- How to complete this task
Go through the data and copy every line exactly, but not the images.

- Records to use
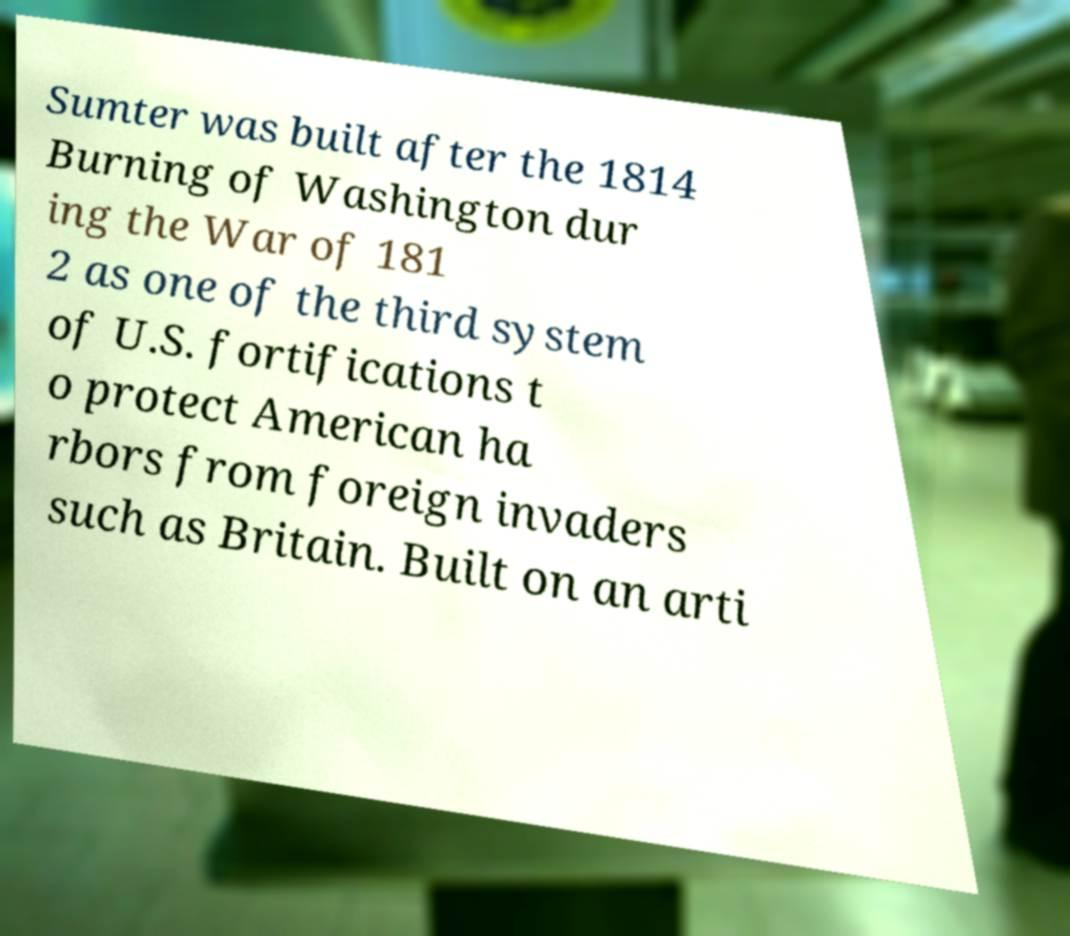Could you assist in decoding the text presented in this image and type it out clearly? Sumter was built after the 1814 Burning of Washington dur ing the War of 181 2 as one of the third system of U.S. fortifications t o protect American ha rbors from foreign invaders such as Britain. Built on an arti 
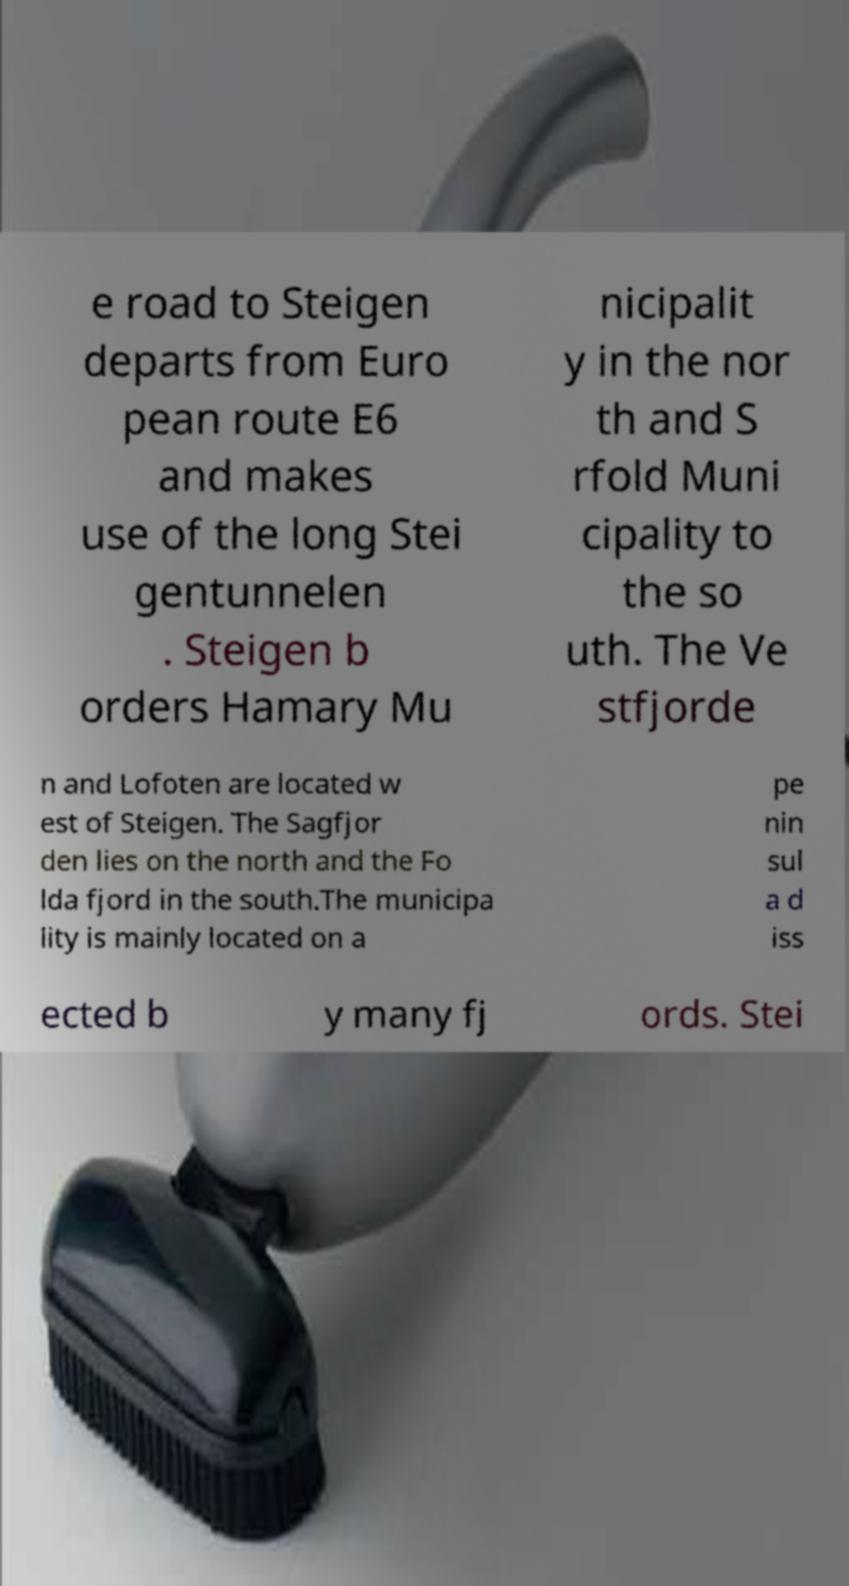Please read and relay the text visible in this image. What does it say? e road to Steigen departs from Euro pean route E6 and makes use of the long Stei gentunnelen . Steigen b orders Hamary Mu nicipalit y in the nor th and S rfold Muni cipality to the so uth. The Ve stfjorde n and Lofoten are located w est of Steigen. The Sagfjor den lies on the north and the Fo lda fjord in the south.The municipa lity is mainly located on a pe nin sul a d iss ected b y many fj ords. Stei 
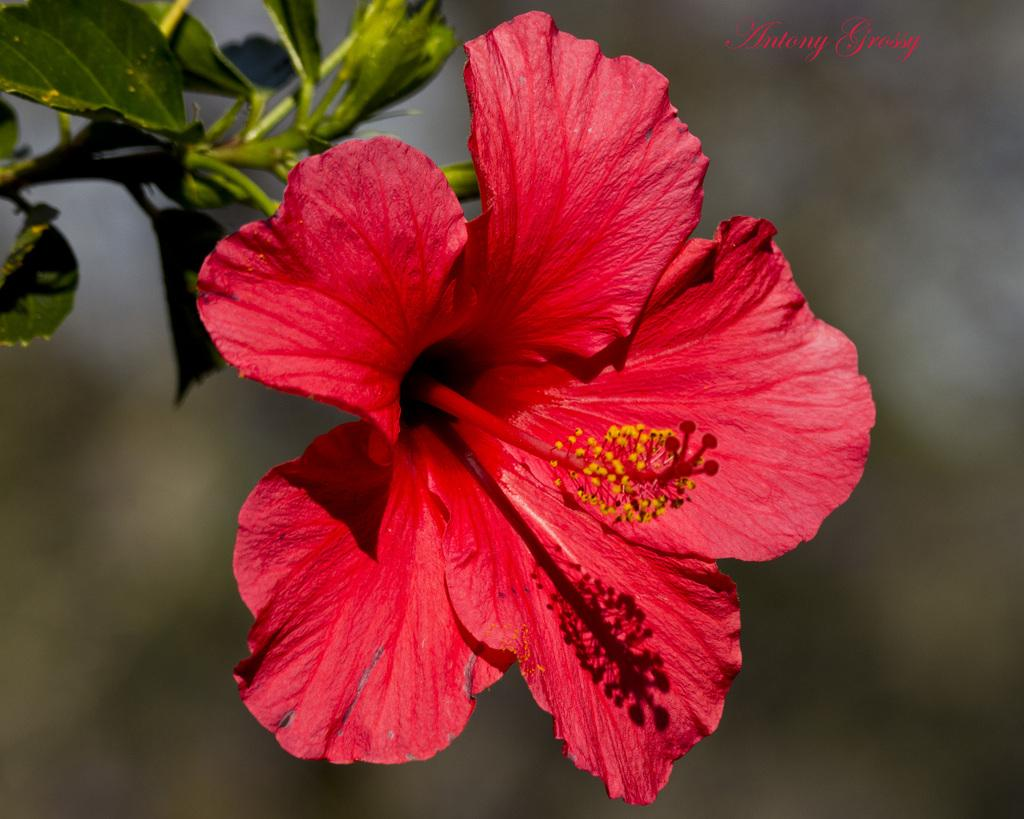What is the main subject of the image? There is a flower in the image. What else can be seen in the image besides the flower? There are leaves and text written on the image. How is the background of the flower depicted? The background of the flower is blurred. Can you see a plane flying in the background of the image? There is no plane visible in the image; it only features a flower, leaves, and text. 
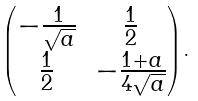Convert formula to latex. <formula><loc_0><loc_0><loc_500><loc_500>\begin{pmatrix} - \frac { 1 } { \sqrt { a } } & \frac { 1 } { 2 } \\ \frac { 1 } { 2 } & - \frac { 1 + a } { 4 \sqrt { a } } \end{pmatrix} .</formula> 
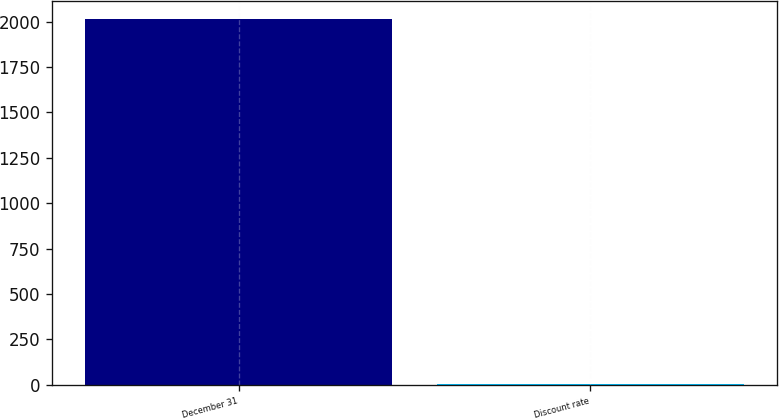Convert chart. <chart><loc_0><loc_0><loc_500><loc_500><bar_chart><fcel>December 31<fcel>Discount rate<nl><fcel>2015<fcel>4<nl></chart> 
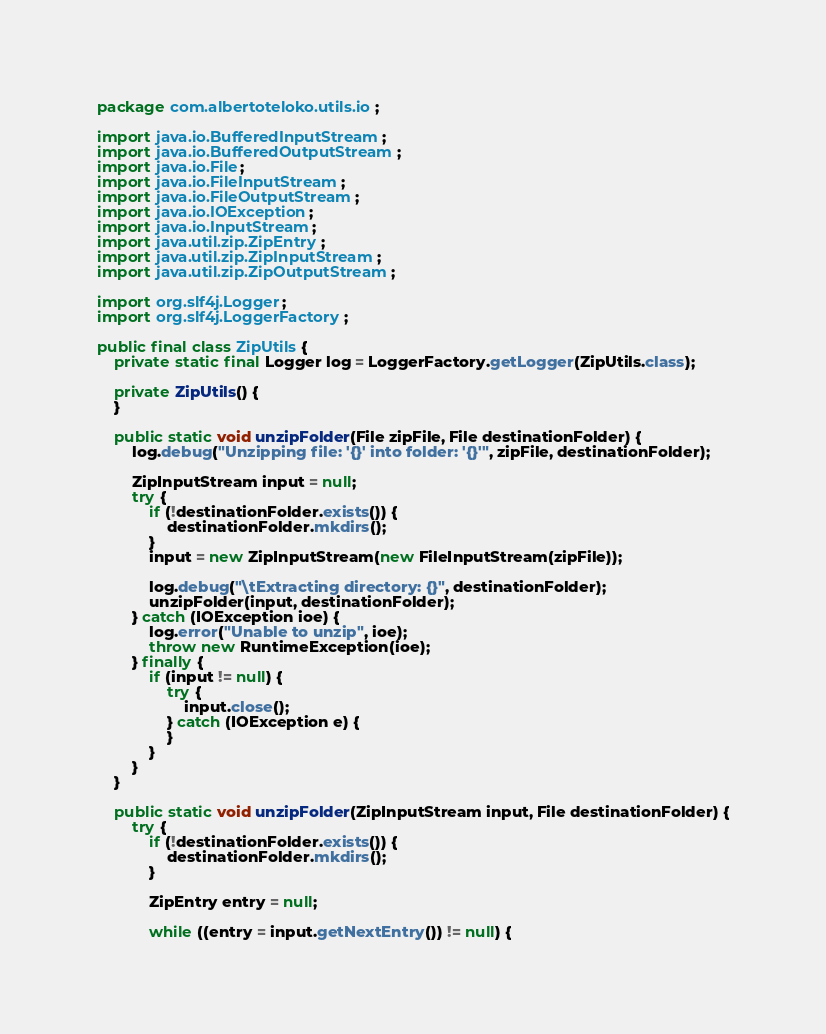Convert code to text. <code><loc_0><loc_0><loc_500><loc_500><_Java_>package com.albertoteloko.utils.io;

import java.io.BufferedInputStream;
import java.io.BufferedOutputStream;
import java.io.File;
import java.io.FileInputStream;
import java.io.FileOutputStream;
import java.io.IOException;
import java.io.InputStream;
import java.util.zip.ZipEntry;
import java.util.zip.ZipInputStream;
import java.util.zip.ZipOutputStream;

import org.slf4j.Logger;
import org.slf4j.LoggerFactory;

public final class ZipUtils {
	private static final Logger log = LoggerFactory.getLogger(ZipUtils.class);

	private ZipUtils() {
	}

	public static void unzipFolder(File zipFile, File destinationFolder) {
		log.debug("Unzipping file: '{}' into folder: '{}'", zipFile, destinationFolder);

		ZipInputStream input = null;
		try {
			if (!destinationFolder.exists()) {
				destinationFolder.mkdirs();
			}
			input = new ZipInputStream(new FileInputStream(zipFile));

			log.debug("\tExtracting directory: {}", destinationFolder);
			unzipFolder(input, destinationFolder);
		} catch (IOException ioe) {
			log.error("Unable to unzip", ioe);
			throw new RuntimeException(ioe);
		} finally {
			if (input != null) {
				try {
					input.close();
				} catch (IOException e) {
				}
			}
		}
	}

	public static void unzipFolder(ZipInputStream input, File destinationFolder) {
		try {
			if (!destinationFolder.exists()) {
				destinationFolder.mkdirs();
			}

			ZipEntry entry = null;

			while ((entry = input.getNextEntry()) != null) {</code> 
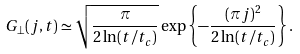Convert formula to latex. <formula><loc_0><loc_0><loc_500><loc_500>G _ { \perp } ( j , t ) \simeq \sqrt { \frac { \pi } { 2 \ln ( t / t _ { c } ) } } \exp \left \{ - \frac { ( \pi j ) ^ { 2 } } { 2 \ln ( t / t _ { c } ) } \right \} .</formula>

- Reply
Could you assist in decoding the text presented in this image and type it out clearly? Sumter was built after the 1814 Burning of Washington dur ing the War of 181 2 as one of the third system of U.S. fortifications t o protect American ha rbors from foreign invaders such as Britain. Built on an arti 
Please read and relay the text visible in this image. What does it say? e road to Steigen departs from Euro pean route E6 and makes use of the long Stei gentunnelen . Steigen b orders Hamary Mu nicipalit y in the nor th and S rfold Muni cipality to the so uth. The Ve stfjorde n and Lofoten are located w est of Steigen. The Sagfjor den lies on the north and the Fo lda fjord in the south.The municipa lity is mainly located on a pe nin sul a d iss ected b y many fj ords. Stei 
What is the main subject of the image? There is a flower in the image. What else can be seen in the image besides the flower? There are leaves and text written on the image. How is the background of the flower depicted? The background of the flower is blurred. Can you see a plane flying in the background of the image? There is no plane visible in the image; it only features a flower, leaves, and text. 
Convert formula to latex. <formula><loc_0><loc_0><loc_500><loc_500>\begin{pmatrix} - \frac { 1 } { \sqrt { a } } & \frac { 1 } { 2 } \\ \frac { 1 } { 2 } & - \frac { 1 + a } { 4 \sqrt { a } } \end{pmatrix} .</formula> 
Convert chart. <chart><loc_0><loc_0><loc_500><loc_500><bar_chart><fcel>December 31<fcel>Discount rate<nl><fcel>2015<fcel>4<nl></chart> 
Convert code to text. <code><loc_0><loc_0><loc_500><loc_500><_Java_>package com.albertoteloko.utils.io;

import java.io.BufferedInputStream;
import java.io.BufferedOutputStream;
import java.io.File;
import java.io.FileInputStream;
import java.io.FileOutputStream;
import java.io.IOException;
import java.io.InputStream;
import java.util.zip.ZipEntry;
import java.util.zip.ZipInputStream;
import java.util.zip.ZipOutputStream;

import org.slf4j.Logger;
import org.slf4j.LoggerFactory;

public final class ZipUtils {
	private static final Logger log = LoggerFactory.getLogger(ZipUtils.class);

	private ZipUtils() {
	}

	public static void unzipFolder(File zipFile, File destinationFolder) {
		log.debug("Unzipping file: '{}' into folder: '{}'", zipFile, destinationFolder);

		ZipInputStream input = null;
		try {
			if (!destinationFolder.exists()) {
				destinationFolder.mkdirs();
			}
			input = new ZipInputStream(new FileInputStream(zipFile));

			log.debug("\tExtracting directory: {}", destinationFolder);
			unzipFolder(input, destinationFolder);
		} catch (IOException ioe) {
			log.error("Unable to unzip", ioe);
			throw new RuntimeException(ioe);
		} finally {
			if (input != null) {
				try {
					input.close();
				} catch (IOException e) {
				}
			}
		}
	}

	public static void unzipFolder(ZipInputStream input, File destinationFolder) {
		try {
			if (!destinationFolder.exists()) {
				destinationFolder.mkdirs();
			}

			ZipEntry entry = null;

			while ((entry = input.getNextEntry()) != null) {</code> 
Convert formula to latex. <formula><loc_0><loc_0><loc_500><loc_500>G _ { \perp } ( j , t ) \simeq \sqrt { \frac { \pi } { 2 \ln ( t / t _ { c } ) } } \exp \left \{ - \frac { ( \pi j ) ^ { 2 } } { 2 \ln ( t / t _ { c } ) } \right \} .</formula>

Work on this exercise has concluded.